PROVIDED DATA START

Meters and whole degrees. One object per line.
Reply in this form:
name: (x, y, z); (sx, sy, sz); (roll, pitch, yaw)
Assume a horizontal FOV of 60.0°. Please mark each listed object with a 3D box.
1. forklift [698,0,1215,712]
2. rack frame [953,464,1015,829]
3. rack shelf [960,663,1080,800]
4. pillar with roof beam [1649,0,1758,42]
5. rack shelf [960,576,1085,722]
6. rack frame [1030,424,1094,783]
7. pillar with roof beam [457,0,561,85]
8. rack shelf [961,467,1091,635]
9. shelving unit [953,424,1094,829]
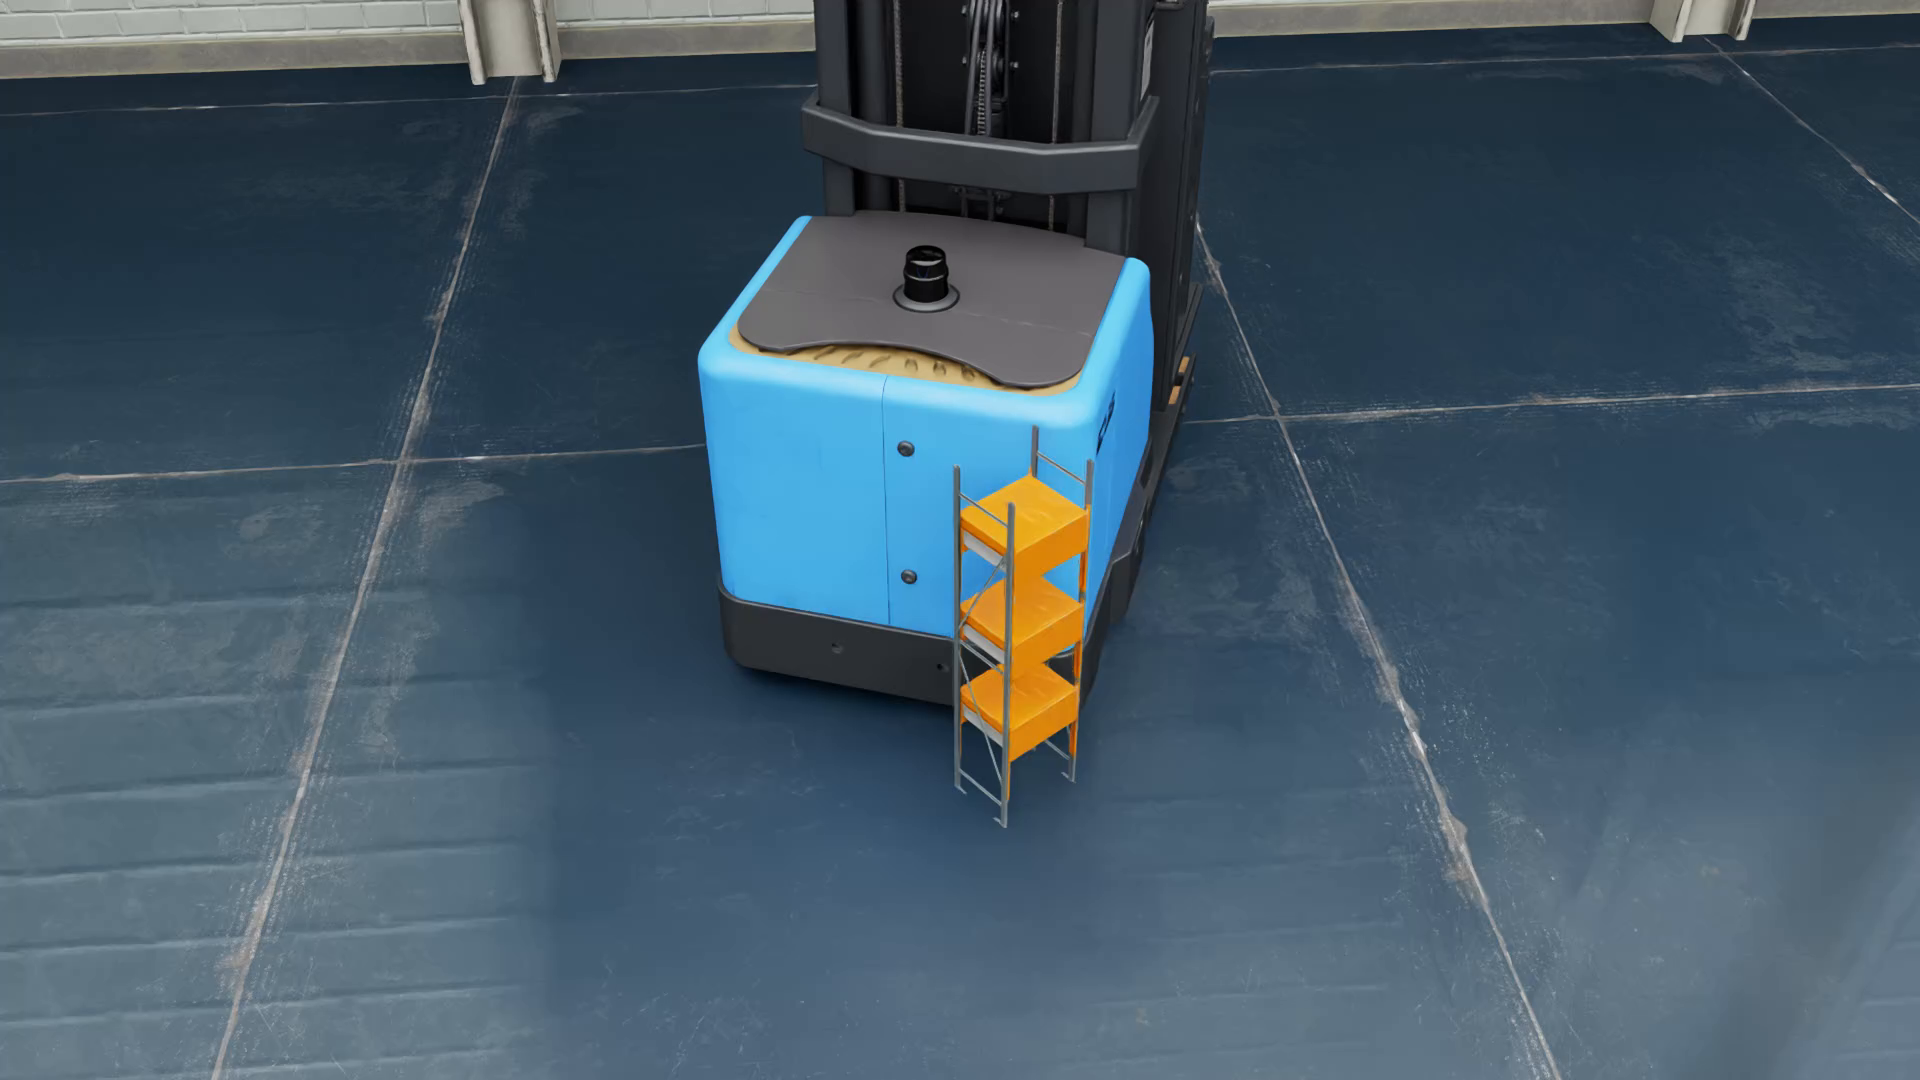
forklift: (0.207, -1.573, 4.877); (1.130, 2.935, 3.031); (10, 39, 12)
rack frame: (0.053, 0.288, 4.038); (0.008, 1.050, 0.200); (-29, 46, -31)
rack shelf: (0.145, 0.464, 4.280); (0.240, 0.259, 0.215); (-29, 46, -31)
pillar with roof beam: (4.184, -3.514, 2.439); (0.400, 9.000, 9.100); (-3, 38, -4)
rack shelf: (0.145, 0.246, 4.107); (0.240, 0.259, 0.215); (-29, 46, -31)
rack frame: (0.237, 0.188, 4.164); (0.008, 1.050, 0.200); (-29, 46, -31)
pillar with roof beam: (-1.792, -3.185, 2.021); (0.400, 9.000, 9.100); (-3, 38, -4)
rack shelf: (0.145, 0.023, 3.932); (0.240, 0.259, 0.215); (-29, 46, -31)
shelving unit: (0.145, 0.238, 4.101); (0.252, 1.050, 0.215); (-29, 46, -31)

PROVIDED DATA END

Check each line in the records for the word "object" and say how many have it, with nothing else.

▸ **WRITTEN ANSWER**:
2